Every yearBetween 19 and 21 million Americans suffer from gastroenteritis (aka “stomach flu”), most commonly caused by a group of pathogens called norovirus. These infections lead to hundreds of thousands of emergency room visits and hospitalizations, as well as approximately 900 deaths, each year. This winter, norovirus infections are particularly bad in the United States, according to the CDC, which is recording the highest number of outbreaks in the last decade.
There are two possible reasons for the current increase, said Daniel Kuritzkes, chief of infectious diseases at Harvard Medical School. Forbes. The first is that the strains of viruses in circulation change each year, which reduces immune protection in the same way as the flu and Covid. Additionally, people’s immunity to particular strains of norovirus wanes over time, making reinfections possible.

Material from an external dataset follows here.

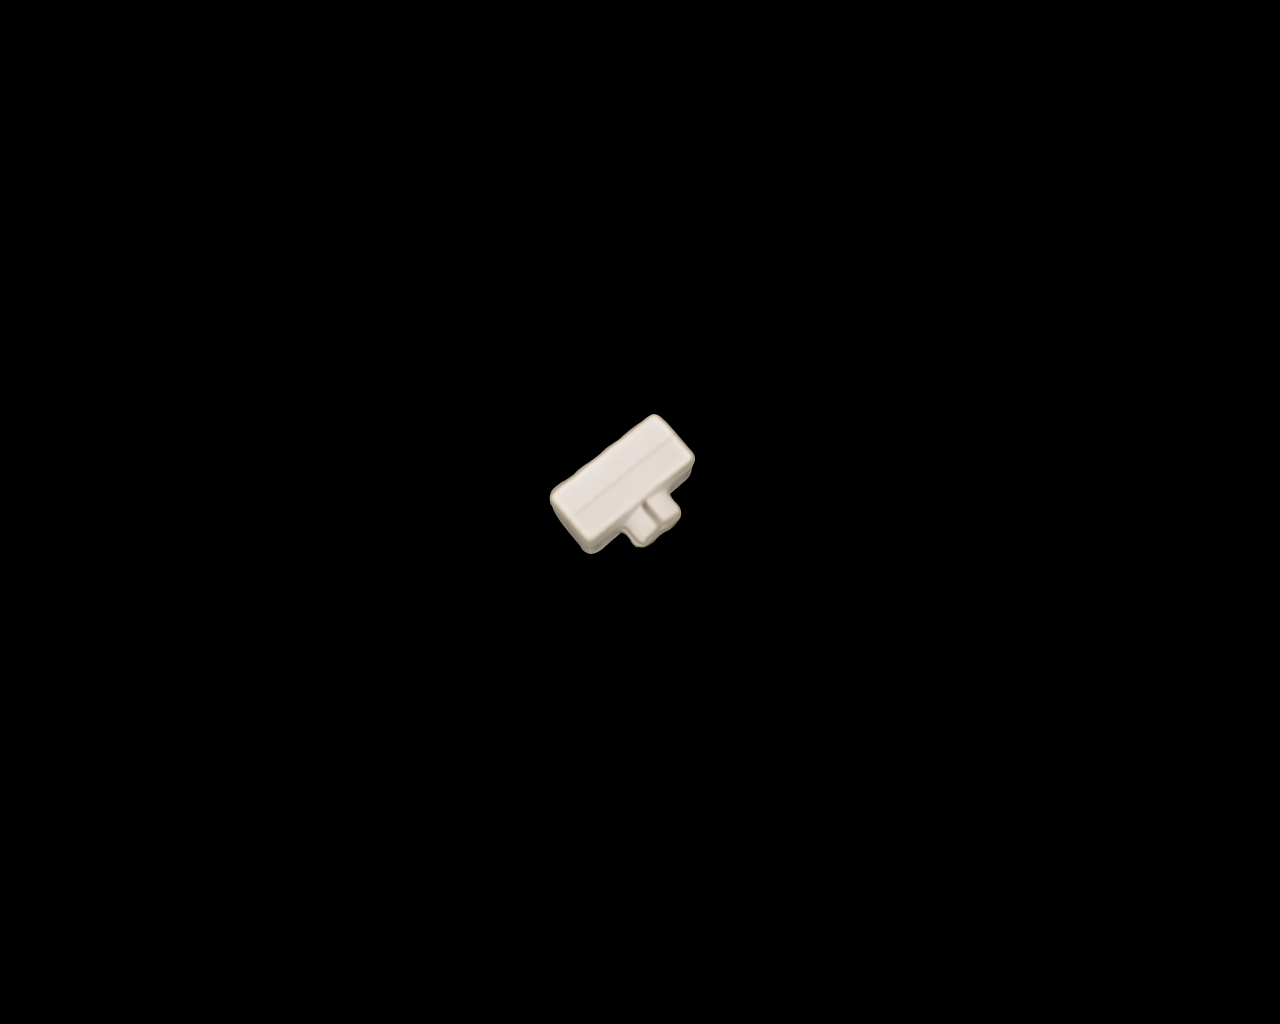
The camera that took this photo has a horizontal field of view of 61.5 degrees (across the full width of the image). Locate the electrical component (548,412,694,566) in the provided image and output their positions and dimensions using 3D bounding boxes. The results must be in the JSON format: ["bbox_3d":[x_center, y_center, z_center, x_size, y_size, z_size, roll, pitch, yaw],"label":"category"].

Much to the dismay of parents, teachers and cruise enthusiasts, there is no approved treatment for norovirus infections, nor any vaccine against them. A treatment for norovirus is unlikely to be developed, Kuritzkes notes, because the viral infection typically lasts about a day or two, making it difficult for regulators to demonstrate a benefit. Additionally, the main complication leading to hospitalizations is dehydration, which is easily treated with IV fluids.
This makes the vaccine the most promising route to currently combating noroviruses. There are currently three vaccine candidates in human clinical trials, and the most advanced is Moderna, which has developed a norovirus vaccine with the same mRNA technology as the Covid-19 vaccine. Being first to market offers great opportunity, given that annual virus infections cost the global economy an estimated $60 billion, including direct healthcare costs as well as indirect costs such as losses productivity. Moderna estimates that a norovirus vaccine represents a total addressable market of approximately $3 billion to $5 billion.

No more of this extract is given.